And therein lies our biggest gripe with the RX-8, and we’ll wager good space bucks that some of those aliens feel the same way. This car was slightly underpowered when the first 2004 models hit the market, and horsepower levels across the board have only gone up since then. Engaging this car’s modest-at-best powerband requires regular trips to 8500 on the rev counter, which isn’t necessarily a bad thing except it’s the only way to really get this car moving. Want to turn a good lap at the track? Keep the engine on boil. Want to merge on the highway? Keep the engine on boil. Want to pass a new Camry on a tight two-lane? You guessed it, keep the engine on boil and hope the driver isn’t sporting a V-6 and an attitude. That’s a lot of time spent boiling an engine for not much chutzpah in return, and then there’s the 1.3-liter rotary’s appetite for fossil fuels—both gas and oil—which make it about as frugal as a Cadillac Escalade. If the performance payoff was better, perhaps we could justify the RX-8’s excessive thirst and love-it-or-hate-it exhaust note experienced whenever that power peak is finally reached. But as it stands, there’s another sports car we’d rather spend time with.

2009 Nissan 370Z
Choosing a winner or loser for this particular comparison was rather like deciding which roller coaster to ride first, only without the two-hour wait. Opt for the Z and you’ll be on the receiving end of 332 horsepower from its 3.7-liter V-6, easily scooting the iconic sports car to 60 in under five seconds and away from the other cars on this list. Its six-speed manual has a neat feature called “SynchroRev Match” that automatically blips the throttle on downshifts, so every gear-down maneuver feels like a heel-toe home run. The Z offers steel-girder rigidity in the corners—that is, a steel girder with track-ready suspension that defines the term confidence-inspiring, empowering car and driver to go faster with every lap. The steering is sharp, precise, and informative, the brakes grip with fervor, and the on-demand thrust ensures this roller coaster ride is one to remember. For track days, there are few cars as rewarding as the Z—at any price point.

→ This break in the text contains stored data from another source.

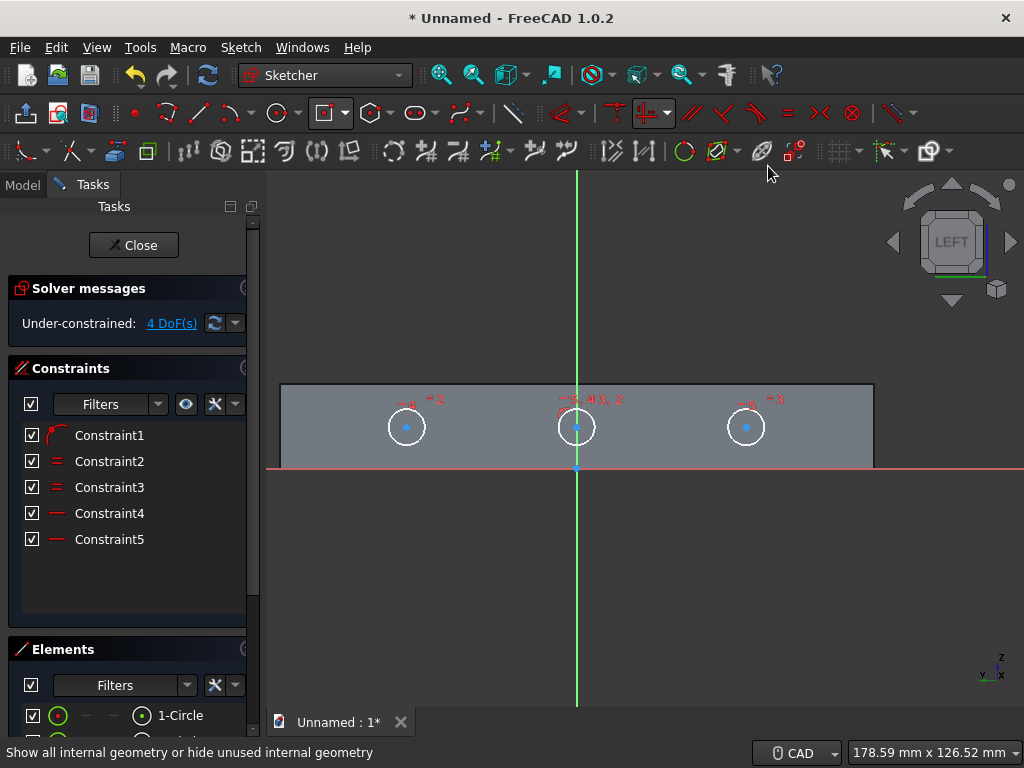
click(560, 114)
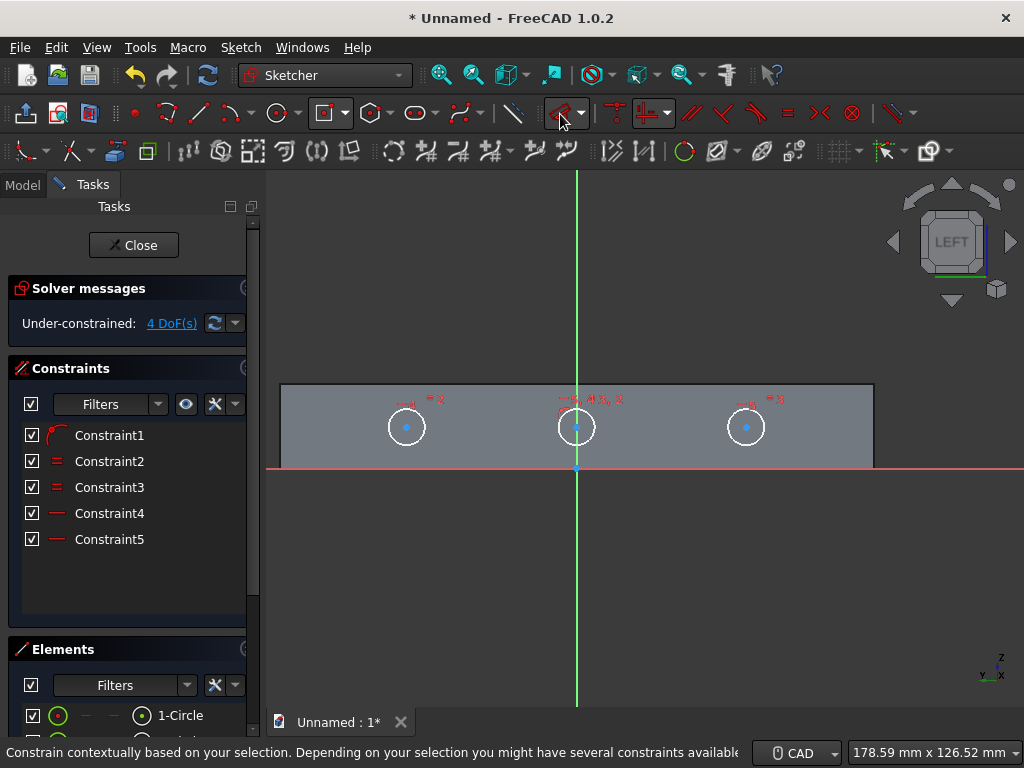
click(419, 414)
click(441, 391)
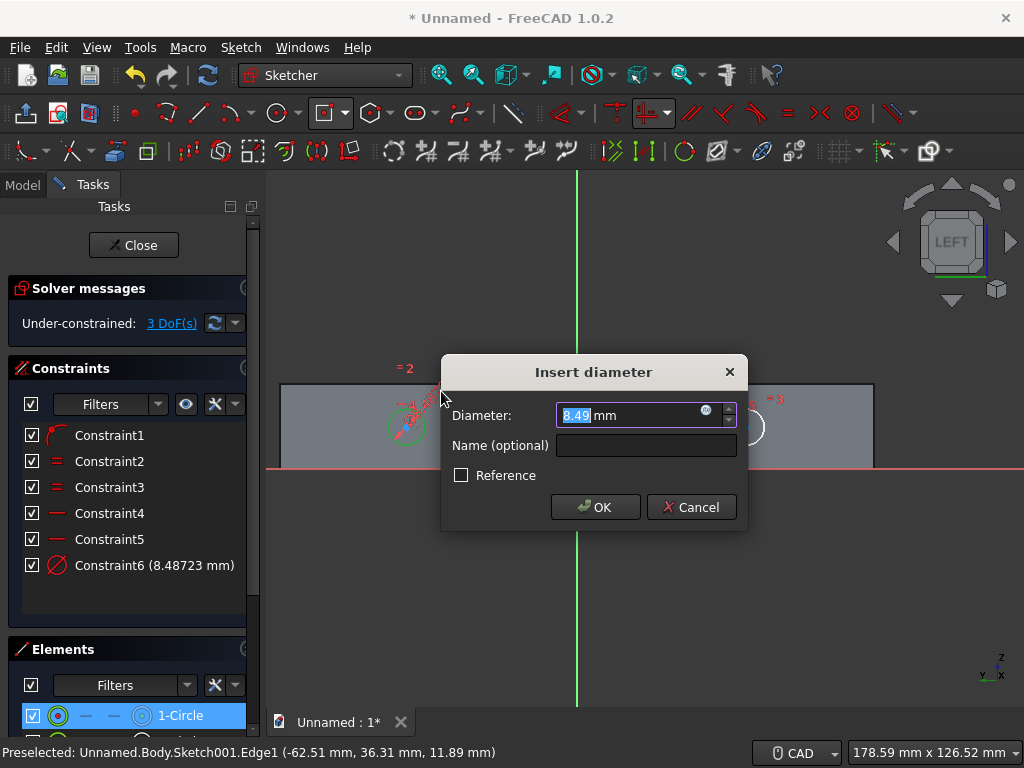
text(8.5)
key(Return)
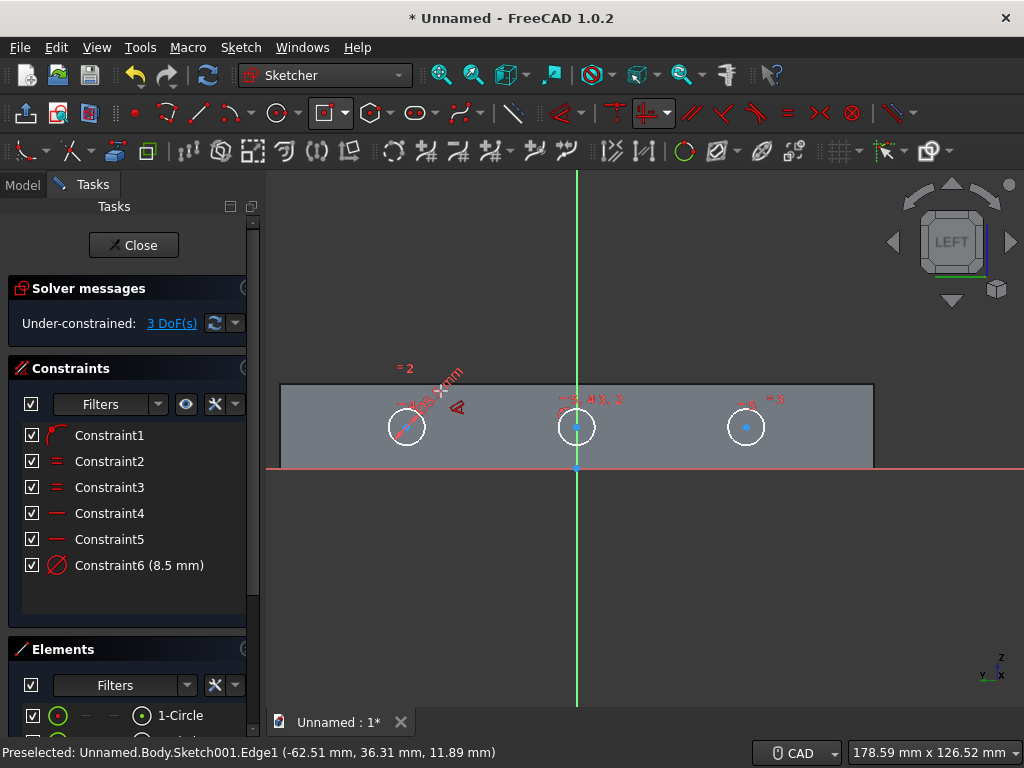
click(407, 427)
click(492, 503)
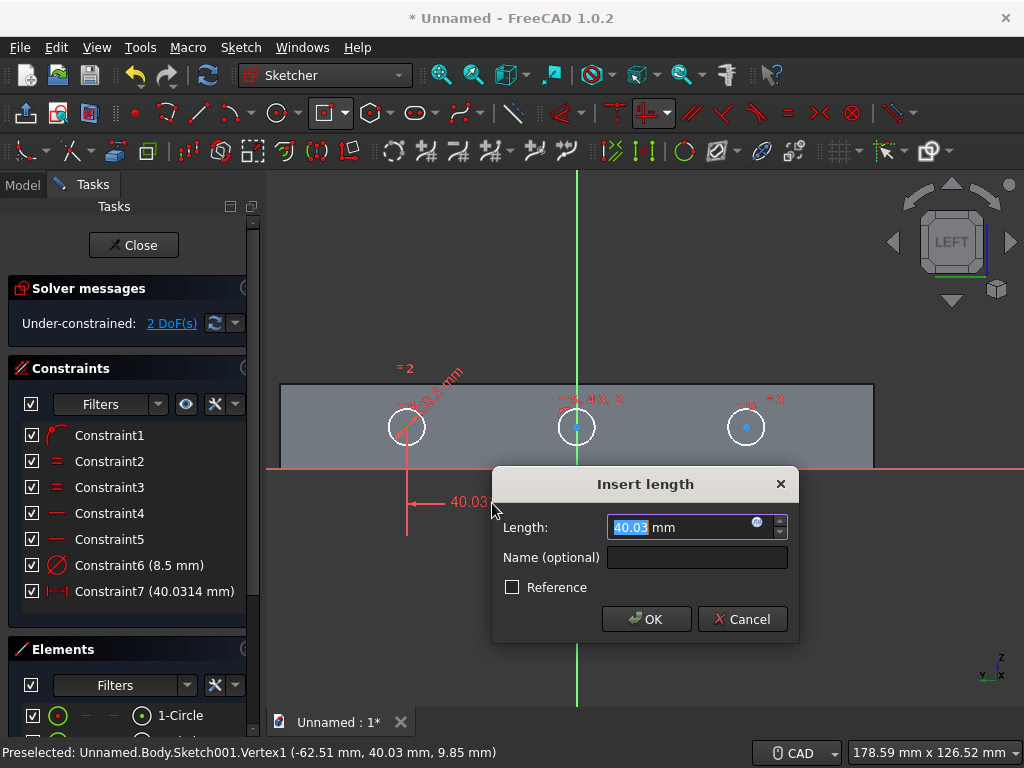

For everyday driving, the Z’s Hollywood styling attracts plenty of attention, most of it from the younger set who’ve no doubt piloted their own 370Z in Sony’s Gran Turismo. Ergonomically speaking, it’s not the best or most comfortable ride to be had; the back seats are, well, not there, but driver and passenger up front are well cared for in aggressively bolstered buckets facing a decidedly race-themed set of gauges and controls. It’s not the classiest arrangement to be found, for sure, and we could do with less plastic in a car of this stature, but it’s not wanting
for visual appeal.

The downside to the Z is that, occasionally, we might find ourselves visiting Uncle Jarred out on the farm, four miles down a cratered road that hasn’t seen a resurface since the days of ABBA. Under any circumstances like this, the 370Z’s knife-edge racing reflexes become a liability, making it a rather tough car to live with on a daily basis. Even in the best of conditions the 370Z is a noisy, buzzy, jarring machine that almost seems to be self-aware when not on a track,loudly voicing its objections whenever it has to perform mundane tasks like, say, going to work. There’s also a small issue with price—technically we did find one 370Z with 12,000 miles on eBay Motors for $24,900 but we do stress one. Realistically these cars with average mileage (15,000 to 20,000 or so) will sell closer to $26,000, but diligent shoppers can occasionally find a bargain. In our opinion, the little bit of extra dough for one of the most dynamic, kick-in-the-pants sports cars available is well worth the investment.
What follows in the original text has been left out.